Open Patrick10731 opened 4 months ago
The models with preconfigured alignment heads or ones compatible with original heads will work.
For the ones compatible with the original heads, you can manually config it by assigning the head indices to model._pipe.model.generation_config.alignment_heads
.
Technically even models without alignment heads, such as distil-large-v2
, will work as well by disabling word timestamps with model.transcribe('audio.mp3', word_timestamps=False)
. However, many features, such as regrouping and word-level timestamp adjustment, will be unavailable.
Hi @Patrick10731 , did you get any of kotoba-whisper models to work with Stable_ts? I am trying their kotoba-tech/kotoba-whisper-v2.1 model, but I keep getting out of memory error.
@jianfch , I'm not sure if you have already come across kotobal-tech models in Huggingface. Their latest model is using Stable-ts for accurate timestamp and regroup. I thought you might be interested.
@jianfch Thanks, it worked
@dgoryeo I confirmed that this code will work, try it.
import stable_whisper
model = stable_whisper.load_hf_whisper('kotoba-tech/kotoba-whisper-v1.1', device='cpu')
result = model.transcribe('audio.mp3', word_timestamps=False)
result.to_srt_vtt('audio.srt', word_level=False)
I also found that many models still won't work but will work if you convert the model into faster-whisper's model.
For example, this model won't work
import stable_whisper
model = stable_whisper.load_hf_whisper('Scrya/whisper-large-v2-cantonese', device='cpu')
result = model.transcribe('audio.mp3', word_timestamps=False)
result.to_srt_vtt('audio.srt', word_level=False)
But following code will work.
import stable_whisper
model = stable_whisper.load_faster_whisper('XA9/faster-whisper-large-v2-cantonese-2', device='cpu', compute_type='default')
result = model.transcribe_stable('audio.mp3')
result.to_srt_vtt('audio.srt', word_level=False)
This converted model is from here (https://huggingface.co/XA9/faster-whisper-large-v2-cantonese-2), and this model is converted by using following command.

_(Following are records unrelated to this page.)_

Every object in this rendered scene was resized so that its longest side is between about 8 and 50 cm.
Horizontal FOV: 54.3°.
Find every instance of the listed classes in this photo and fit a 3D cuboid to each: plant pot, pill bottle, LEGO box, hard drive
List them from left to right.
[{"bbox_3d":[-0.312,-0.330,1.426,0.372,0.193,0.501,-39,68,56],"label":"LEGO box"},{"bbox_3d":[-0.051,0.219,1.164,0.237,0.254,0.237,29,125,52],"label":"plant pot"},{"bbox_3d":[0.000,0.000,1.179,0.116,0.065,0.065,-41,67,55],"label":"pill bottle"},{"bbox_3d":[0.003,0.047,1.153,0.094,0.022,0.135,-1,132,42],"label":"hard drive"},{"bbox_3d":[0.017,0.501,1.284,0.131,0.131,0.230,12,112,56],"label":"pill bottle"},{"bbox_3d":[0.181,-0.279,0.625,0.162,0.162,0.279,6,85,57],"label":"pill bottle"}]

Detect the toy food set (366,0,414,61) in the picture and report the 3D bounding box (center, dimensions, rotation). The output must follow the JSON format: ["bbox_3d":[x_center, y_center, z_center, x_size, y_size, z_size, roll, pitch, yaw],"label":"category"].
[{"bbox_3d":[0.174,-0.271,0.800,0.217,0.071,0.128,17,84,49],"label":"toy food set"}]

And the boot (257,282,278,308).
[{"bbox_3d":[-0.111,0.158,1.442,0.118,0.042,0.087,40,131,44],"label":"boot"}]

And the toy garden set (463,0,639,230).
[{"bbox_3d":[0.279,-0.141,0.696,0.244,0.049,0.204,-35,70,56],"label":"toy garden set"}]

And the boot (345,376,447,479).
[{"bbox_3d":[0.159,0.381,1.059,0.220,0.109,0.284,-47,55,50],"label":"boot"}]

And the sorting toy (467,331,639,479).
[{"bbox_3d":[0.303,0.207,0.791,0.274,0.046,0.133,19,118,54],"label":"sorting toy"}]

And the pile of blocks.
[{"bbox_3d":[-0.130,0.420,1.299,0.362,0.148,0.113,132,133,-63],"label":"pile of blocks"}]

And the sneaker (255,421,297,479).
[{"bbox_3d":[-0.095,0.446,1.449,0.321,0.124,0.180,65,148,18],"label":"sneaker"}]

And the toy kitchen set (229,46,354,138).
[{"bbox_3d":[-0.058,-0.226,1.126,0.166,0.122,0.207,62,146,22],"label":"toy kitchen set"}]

ct2-transformers-converter --model Scrya/whisper-large-v2-cantonese --output_dir faster-whisper-large-v2-cantonese-2 --copy_files preprocessor_config.json --quantization float16
So I recommend to try converting model if a model won't work.

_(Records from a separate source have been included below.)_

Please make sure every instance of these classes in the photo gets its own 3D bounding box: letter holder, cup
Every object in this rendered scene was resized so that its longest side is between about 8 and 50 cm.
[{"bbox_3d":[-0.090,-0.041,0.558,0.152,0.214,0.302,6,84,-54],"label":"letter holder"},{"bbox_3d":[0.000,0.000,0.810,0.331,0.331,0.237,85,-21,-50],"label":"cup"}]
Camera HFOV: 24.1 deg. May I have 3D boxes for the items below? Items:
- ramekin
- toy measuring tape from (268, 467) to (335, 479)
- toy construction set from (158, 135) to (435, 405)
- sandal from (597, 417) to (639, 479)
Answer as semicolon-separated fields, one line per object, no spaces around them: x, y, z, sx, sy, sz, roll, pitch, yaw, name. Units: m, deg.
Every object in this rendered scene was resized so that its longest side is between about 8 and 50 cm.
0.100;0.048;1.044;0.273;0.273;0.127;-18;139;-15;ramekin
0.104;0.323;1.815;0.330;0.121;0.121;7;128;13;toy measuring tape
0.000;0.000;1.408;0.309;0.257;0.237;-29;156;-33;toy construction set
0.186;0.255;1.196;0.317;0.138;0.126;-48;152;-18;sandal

Thank you @Patrick10731 , by any chance have you tried Kotoba's v2.1 (which is a distilled) Whisper?
I will try to follow your recommendation. At the moment I am running out of memory with 2.1 but I haven't tried on CPU only --I've tried device=cuda so far.
@dgoryeo I tried with this code and it worked. How about you to try setting device='cpu'? The reason of running out of memory must be lacking of performance of your video card.
import stable_whisper
model = stable_whisper.load_hf_whisper('kotoba-tech/kotoba-whisper-v2.1', device='cpu')

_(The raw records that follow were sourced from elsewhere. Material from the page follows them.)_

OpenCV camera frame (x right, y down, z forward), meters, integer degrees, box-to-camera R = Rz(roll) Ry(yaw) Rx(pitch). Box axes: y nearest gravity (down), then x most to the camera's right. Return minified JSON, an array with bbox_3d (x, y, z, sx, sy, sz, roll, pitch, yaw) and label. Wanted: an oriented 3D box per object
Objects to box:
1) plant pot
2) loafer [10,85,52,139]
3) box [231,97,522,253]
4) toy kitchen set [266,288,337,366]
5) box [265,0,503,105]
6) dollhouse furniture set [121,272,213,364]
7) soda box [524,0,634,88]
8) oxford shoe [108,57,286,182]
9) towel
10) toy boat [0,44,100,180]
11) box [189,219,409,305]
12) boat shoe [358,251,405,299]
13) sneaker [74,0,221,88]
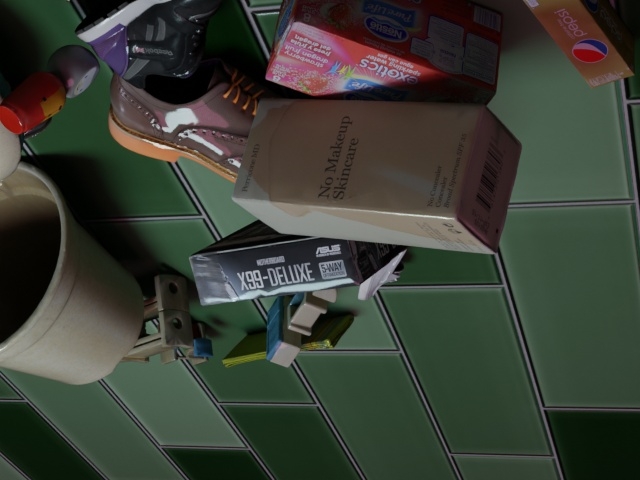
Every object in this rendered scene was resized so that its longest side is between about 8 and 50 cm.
[{"bbox_3d":[-0.454,0.084,2.003,0.334,0.334,0.305,-7,156,25],"label":"plant pot"},{"bbox_3d":[-0.470,-0.171,1.809,0.220,0.080,0.078,-10,175,27],"label":"loafer"},{"bbox_3d":[0.064,-0.080,1.484,0.311,0.148,0.121,4,163,33],"label":"box"},{"bbox_3d":[-0.080,0.078,2.068,0.166,0.122,0.207,22,126,-17],"label":"toy kitchen set"},{"bbox_3d":[0.077,-0.231,1.496,0.257,0.128,0.122,17,147,-12],"label":"box"},{"bbox_3d":[-0.252,0.141,2.201,0.129,0.129,0.184,-20,161,38],"label":"dollhouse furniture set"},{"bbox_3d":[0.301,-0.258,1.452,0.058,0.061,0.181,-16,139,34],"label":"soda box"},{"bbox_3d":[-0.106,-0.160,1.665,0.364,0.130,0.133,10,142,0],"label":"oxford shoe"},{"bbox_3d":[-0.057,0.177,2.205,0.237,0.102,0.021,-14,107,33],"label":"towel"},{"bbox_3d":[-0.429,-0.198,1.637,0.318,0.148,0.267,7,132,40],"label":"toy boat"},{"bbox_3d":[0.000,0.000,1.742,0.242,0.307,0.076,-8,101,28],"label":"box"},{"bbox_3d":[0.101,0.038,1.978,0.063,0.066,0.184,13,138,-3],"label":"boat shoe"},{"bbox_3d":[-0.165,-0.266,1.514,0.283,0.107,0.124,-13,125,46],"label":"sneaker"}]
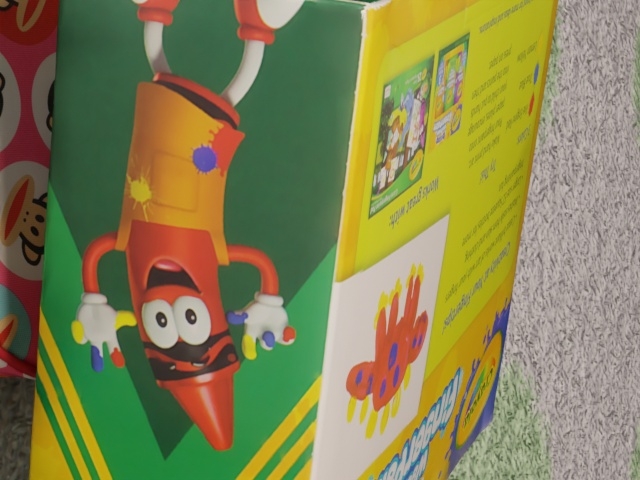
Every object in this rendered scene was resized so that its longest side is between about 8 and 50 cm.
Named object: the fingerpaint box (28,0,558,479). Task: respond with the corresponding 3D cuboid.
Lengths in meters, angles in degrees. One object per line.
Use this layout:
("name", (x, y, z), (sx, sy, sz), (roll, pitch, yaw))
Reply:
("fingerpaint box", (0.000, 0.000, 1.007), (0.445, 0.163, 0.371), (-39, 138, -65))

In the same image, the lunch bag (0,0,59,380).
("lunch bag", (-0.195, -0.092, 0.913), (0.258, 0.120, 0.293), (46, 52, -44))
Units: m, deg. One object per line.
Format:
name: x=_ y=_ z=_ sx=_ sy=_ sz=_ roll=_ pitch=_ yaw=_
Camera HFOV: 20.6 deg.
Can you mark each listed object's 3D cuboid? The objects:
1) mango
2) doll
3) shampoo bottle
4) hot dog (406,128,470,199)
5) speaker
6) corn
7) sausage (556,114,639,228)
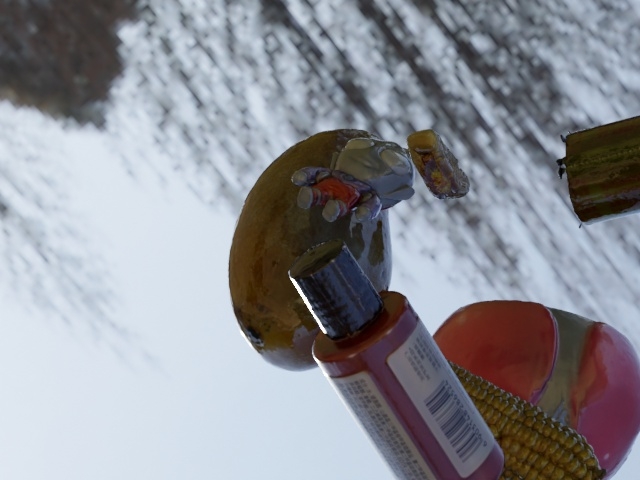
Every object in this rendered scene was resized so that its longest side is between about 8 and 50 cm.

result = model.transcribe('audio.mp3', word_timestamps=False)
result.to_srt_vtt('audio.srt', word_level=False)
Thanks @Patrick10731 , I will test it on cpu. I have 12GB gpu vram, so didn't expect to run out of memory.. I'll test and will report back.
@dgoryeo 12GB might be too low for the default batch_size=24
. Try smaller batch_size
.
@jianfch , that must be it. I'll change the batch_size accordingly.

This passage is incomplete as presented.